I'm not sure about leg _strength_, at least, not that will specifically apply to cycling. 

But the stairmaster is a great way to work cardio and hit your max heart rate.


----------



## The Human G-Nome (Aug 26, 2002)

Duane Gran said:


> The principal of specificity says that if you want to improve something there is no better way than to do that particular something. I wouldn't do stair climbs, running or weight room workouts if I could ride and my primary goal was to ride better. On the other hand, if you are travelling out of town for days it makes for a pretty good alternative workout when away from the bike.


Although there is no question that that's true, there's also something to the idea that cross training can negate some of the effects of overuse injury, and no doubt, may also provide a mental break from cycling burnout as well. One need only to look at the start lists from 1 year and then compare them to the start lists from 4 years later to see the tremendous rider turnover at work and the transient nature of our sport. 

Bike racing tends to cater to the obsessive among us, and entertaining ways to counterbalance that obsessiveness a little bit helps some people. This doesn't speak to stairs, specifically, but running, swimming, yoga, cross, etc. is a great way to negate some of the effects of that burnout.


----------



## PowerGoat (Jul 2, 2012)

I think it's a great alternative and, for triathletes, is a great once per week training tool. It's waaaaay better than not getting in a ride, and in some cases, I think it can be better, like when you plateau or are tired of riding or on an easy day.


----------



## Cinelli 82220 (Dec 2, 2010)

GF got me a Precor stair climber and it is the best cross training for cycling. I love it.


----------



## looigi (Nov 24, 2010)

Pedaling is mainly smooth and continuous and for that reason many trainers recommend supplementing with some plyometric exercises. Forcefully running stairs is one such exercise.


----------



## BostonG (Apr 13, 2010)

http://forums.roadbikereview.com/general-cycling-discussion/tower-running-284466.html

You can google Tower Running to learn more.


----------



## Whale_520 (Aug 16, 2012)

respro said:


> Is stair climbing a good workout for cycling to improve leg strength? I'm not talking about taking the stairs instead of the elevator, start at floor one and go full bore all the way up. I can't ride as much as I want to right now so looking for some ways to improve my strength and endurance.
> Thanks


I think it's a great tool. Use it as a way to build supportive muscle structure. Don't just run stairs. As looigi said run them forcefully. Concentrate on making sure your feet land about pedal distance apart and on the ball of your foot where your pedal is.
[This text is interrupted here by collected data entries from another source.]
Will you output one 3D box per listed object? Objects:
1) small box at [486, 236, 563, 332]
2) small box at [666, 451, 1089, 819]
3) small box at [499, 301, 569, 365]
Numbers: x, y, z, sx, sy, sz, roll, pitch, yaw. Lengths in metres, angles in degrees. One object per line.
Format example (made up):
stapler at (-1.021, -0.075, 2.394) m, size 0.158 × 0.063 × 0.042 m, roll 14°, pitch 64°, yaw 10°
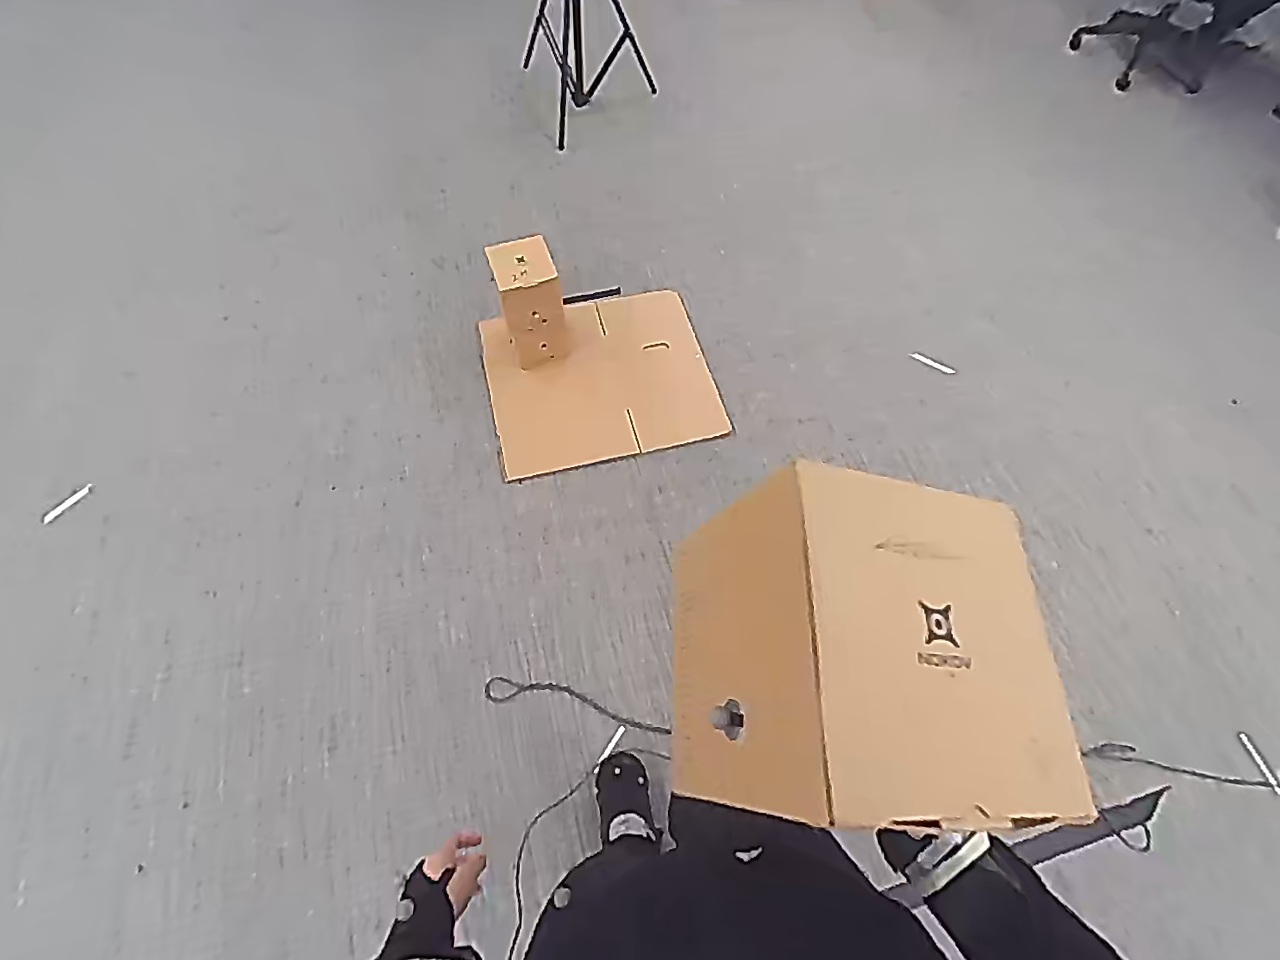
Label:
small box at (-0.326, -0.556, 1.546) m, size 0.168 × 0.176 × 0.179 m, roll -18°, pitch 66°, yaw -10°
small box at (0.124, 0.107, 0.352) m, size 0.168 × 0.176 × 0.179 m, roll 11°, pitch 62°, yaw -18°
small box at (-0.329, -0.483, 1.693) m, size 0.168 × 0.176 × 0.179 m, roll -19°, pitch 67°, yaw -12°

Keep your back straight, drive your knee in line with your leg, finally don't fully extend (or hyper-extend) your knee. Transition to the next stair about where fully extended in your pedal stroke is. 

If you just run stairs for speed then you're increasing your TSS and taking time away from the bike. If you do them right you're building supportive muscle that will allow you to increase power and stability in really hard efforts increasing your effectiveness on the bike. 

Hope that gives you some ideas. :thumbsup:


----------



## radiocraig (Jan 26, 2011)

i tried riding by bike up the stairs at work but everyone keeps yelling at me


----------